O PP pediu uma medida cautelar, num recurso para o TC. Invoca que foram atropelados procedimentos parlamentares pelos partidos do Governo (Partido Socialista Operário Espanhol, de centro-esquerda, e a frente de esquerda radical Unidas Podemos). Estes recorreram a mecanismos que permitiriam concretizar as mudanças legislativas em poucos dias e sem debate no Congresso e no Senado.
Socialistas acatam a contragosto
Para o PP, deputados e senadores foram impedidos de exercer os seus direitos. O partido chefiado por Albeto Núñez Feijóo questionou estes procedimentos, que considerou inconstitucionais.

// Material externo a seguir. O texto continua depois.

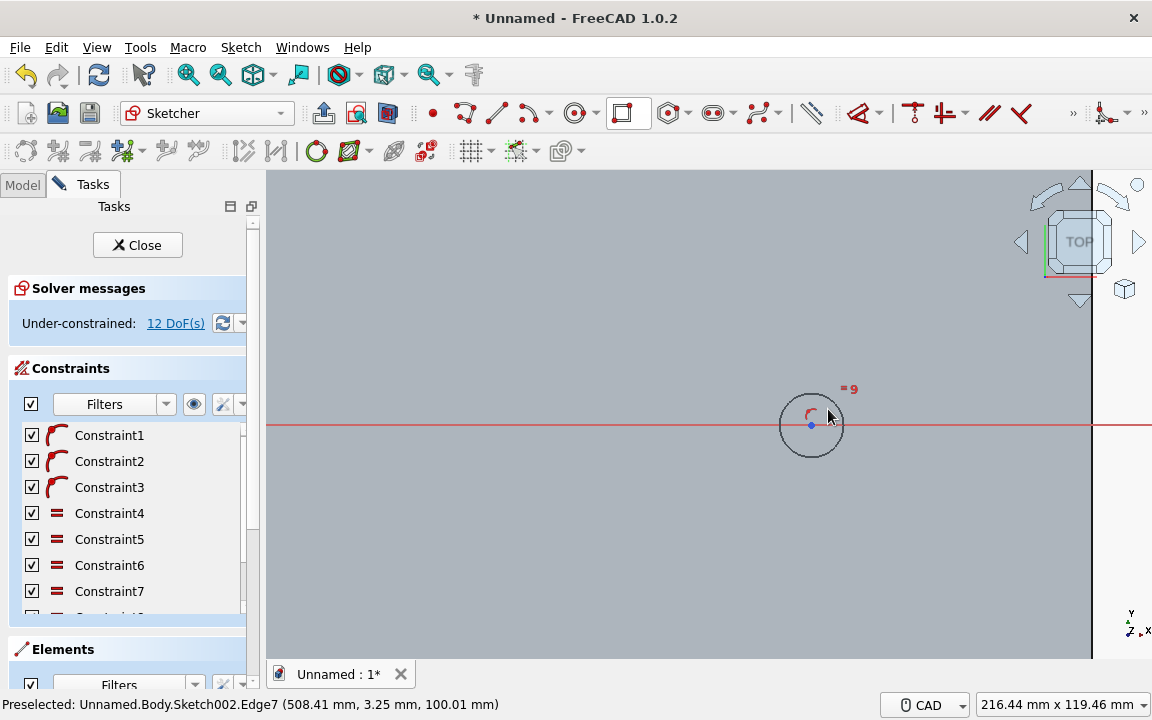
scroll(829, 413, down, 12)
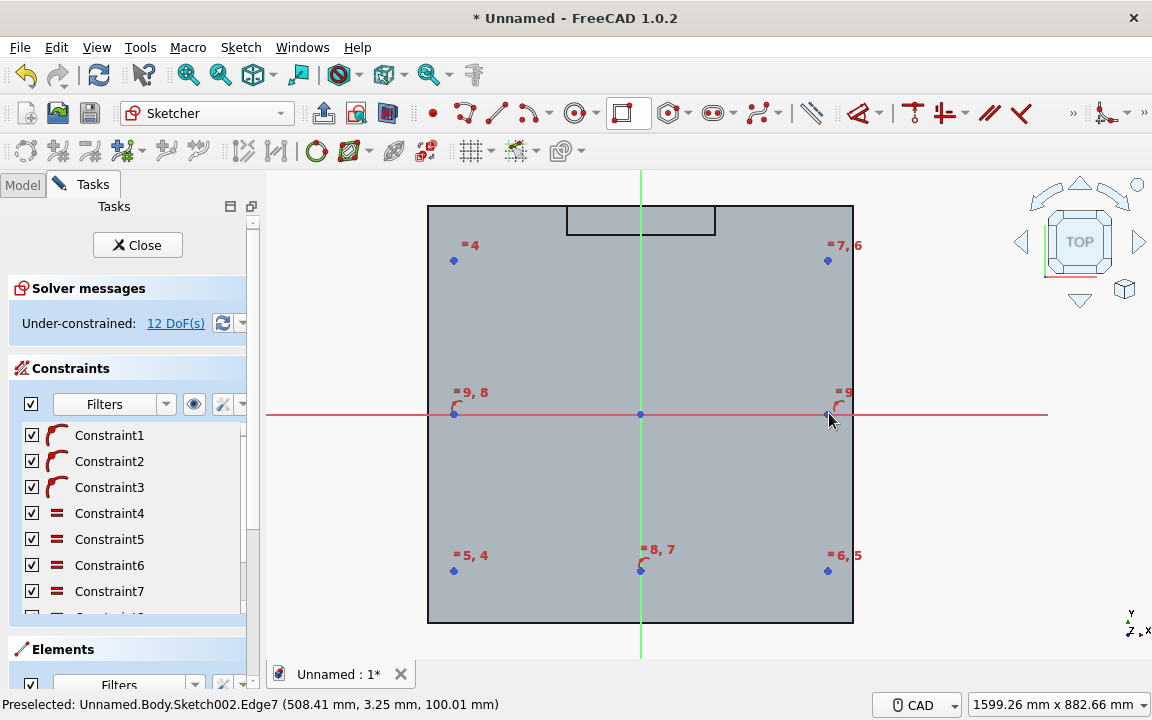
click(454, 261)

O presidente do Senado, Ander Gil, a presidente do Congresso, Meritxell Batet, e o ministro da Presidência, Félix Bolaños, todos do PSOE, vão acatar a decisão do TC, por respeitarem as instituições do Estado de Direito, mas anunciam contestação. Consideram o caso de “gravidade máxima”, por haver um condicionamento do poder legislativo e da ação dos representantes mais diretos da soberania popular.
“É um dia insólito para a democracia” e “um triste ponto de viragem na história recente” de Espanha, afirmou Gil. Lamenta que os juízes do TC tenham tomado a decisão em tempo recorde e sem ouvir o Senado ou o Congresso.

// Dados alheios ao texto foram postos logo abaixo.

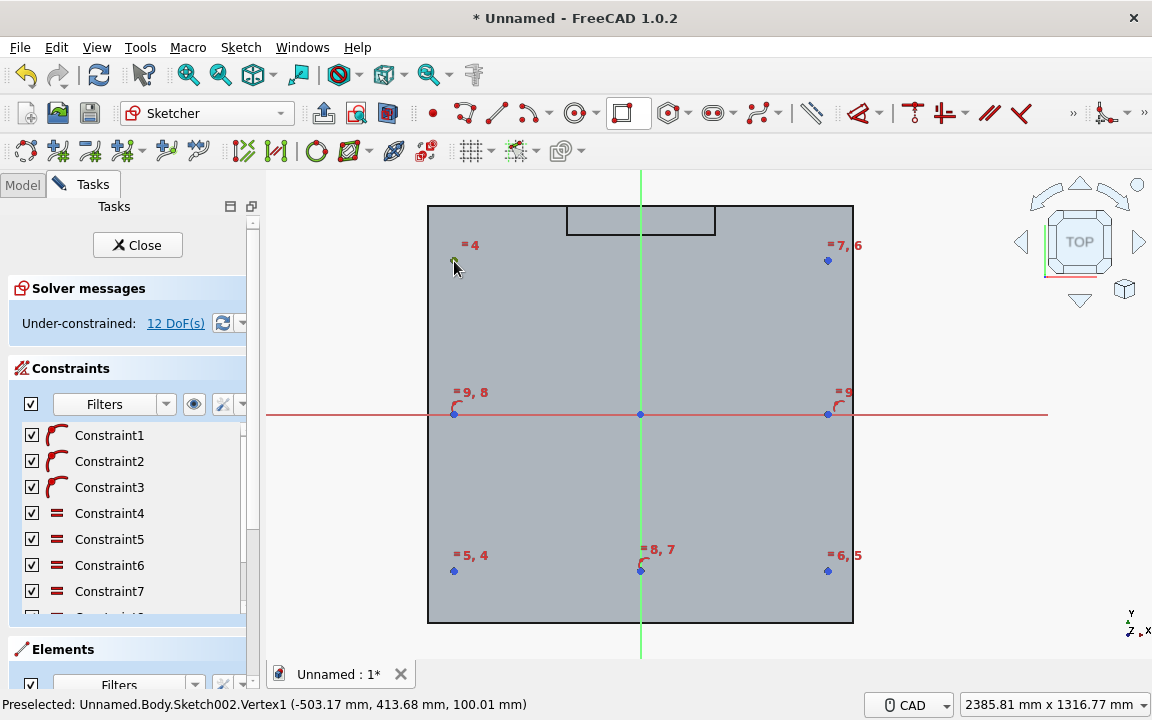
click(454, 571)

“Os legítimos representantes da soberania popular foram impedidos de votar, não existe precedente comparável”, reforçou, antes de sublinhar a gravidade da decisão do TC por se traduzir numa “deterioração do sistema democrático” que põe em causa o princípio da garantia da inviolabilidade” das Cortes, plasmado na Constituição.

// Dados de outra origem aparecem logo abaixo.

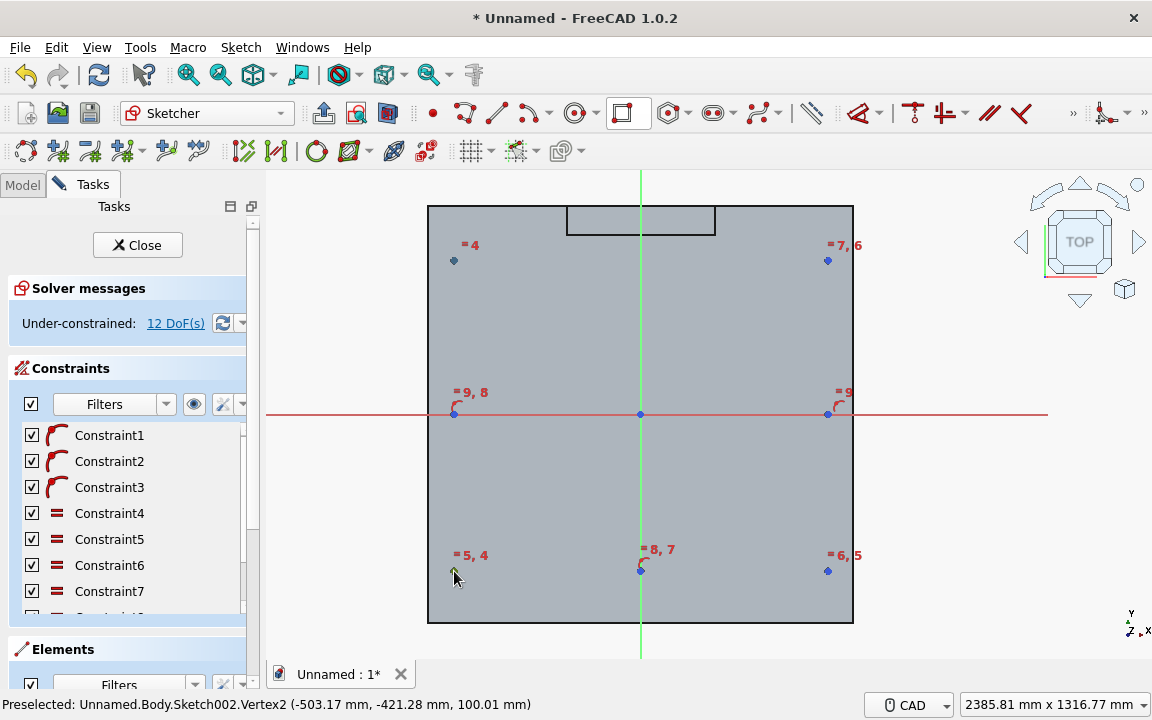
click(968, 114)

Separação de poderes em causa
Para Gil, está aberta uma “crise institucional sem precedentes”. Faz eco de palavras de políticos, constitucionalistas e analistas. O ministro Bolaños, numa declaração na sede do Governo em Madrid, considerou de “gravidade máxima” a decisão do TC de “paralisar uma lei na sede da soberania nacional”.
A seu ver, uma decisão destas nunca se viu em Espanha ou noutro país europeu “do mesmo contexto” e “afeta a separação de poderes”.
Já o líder do PP, Feijóo, escreveu na rede social Twitter que a democracia espanhola ficou “fortalecida” porque “num Estado de Direito, todos os poderes estão submetidos à lei”.
O recurso do PP para o Constitucional teve o apoio dos outros partidos de direita com representação parlamentar, Cidadãos (direita liberal) e Vox (extrema-direita). O líder deste último, Santiago Abascal, promete uma moção de censura contra o Executivo do socialista Pedro Sánchez.
As mudanças na eleição dos juízes do TC e do Conselho do Poder Judicial pretendiam diminuir as maiorias necessárias para as escolhas de alguns magistrados, depois de quatro anos sem o acordo necessário entre os partidos no Governo e o PP para substituir membros das duas instituições que têm os mandatos caducados.
O PP recusa acordos com o PSOE, por o Governo espanhol fazer pactos e negociar com partidos independentistas catalães e bascos, a quem acusa de quererem “romper Espanha” e atentar contra a Constituição. Assim, não há no TC ou no Conselho do Poder Judicial juízes indicados na legislatura iniciada em 2019, em que governam PSOE e UP.
No Conselho do Poder Judicial há juízes com mandatos caducados há anos e no TC há dois, incluindo o presidente, cujos mandatos terminaram em junho. Mantém-se nas duas instituições uma “maioria conservadora”, ligada ao PP e à direita em geral.
Para contornar o bloqueio, PSOE e UP usaram a figura das “emendas” e “tramitação urgente”, previstas no regulamento parlamentar, para fazer a alteração legislativa que ia ser votada no Senado na quinta-feira e que já fora aprovada pelo Congresso dos Deputados na semana passada, pela maioria formada pelos dois partidos no Governo e partidos nacionalistas bascos e catalães, entre outras formações.
O ministro Bolãnos disse, segunda-feira à noite, que o TC “paralisou a sua própria remodelação”, com juízes com mandato caducado a não se coibirem de votar e decidir o seu próprio futuro. Criticou também o PP por “querer controlar o Parlamento quando é maioria e quando não é”.